After a flurry of interagency meetings, however, Homeland Security decided to leave the policy director, Faisal Gill, in place, according to two government officials with knowledge of the Alamoudi investigation. A White House political appointee with close ties to Republican power broker Grover Norquist and no apparent background in intelligence, Gill has access to top-secret information on the vulnerability of America’s seaports, aviation facilities and nuclear power plants to terrorist attacks.

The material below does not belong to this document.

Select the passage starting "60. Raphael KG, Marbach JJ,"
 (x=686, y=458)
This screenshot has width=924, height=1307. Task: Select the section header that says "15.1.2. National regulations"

The FBI raised concerns with Homeland Security officials in March after discovering that Gill had failed to list on security clearance documents his work in 2001 with the American Muslim Council, the officials said. The advocacy group, which was controlled by Alamoudi, has been under scrutiny in an investigation of terrorism financing. The lead agent in that investigation works for an arm of Homeland Security. Gill’s omission of the information on his “Standard Form 86″ national security questionnaire is a potential felony violation. There is no evidence, however, that Gill has taken any action to compromise national security.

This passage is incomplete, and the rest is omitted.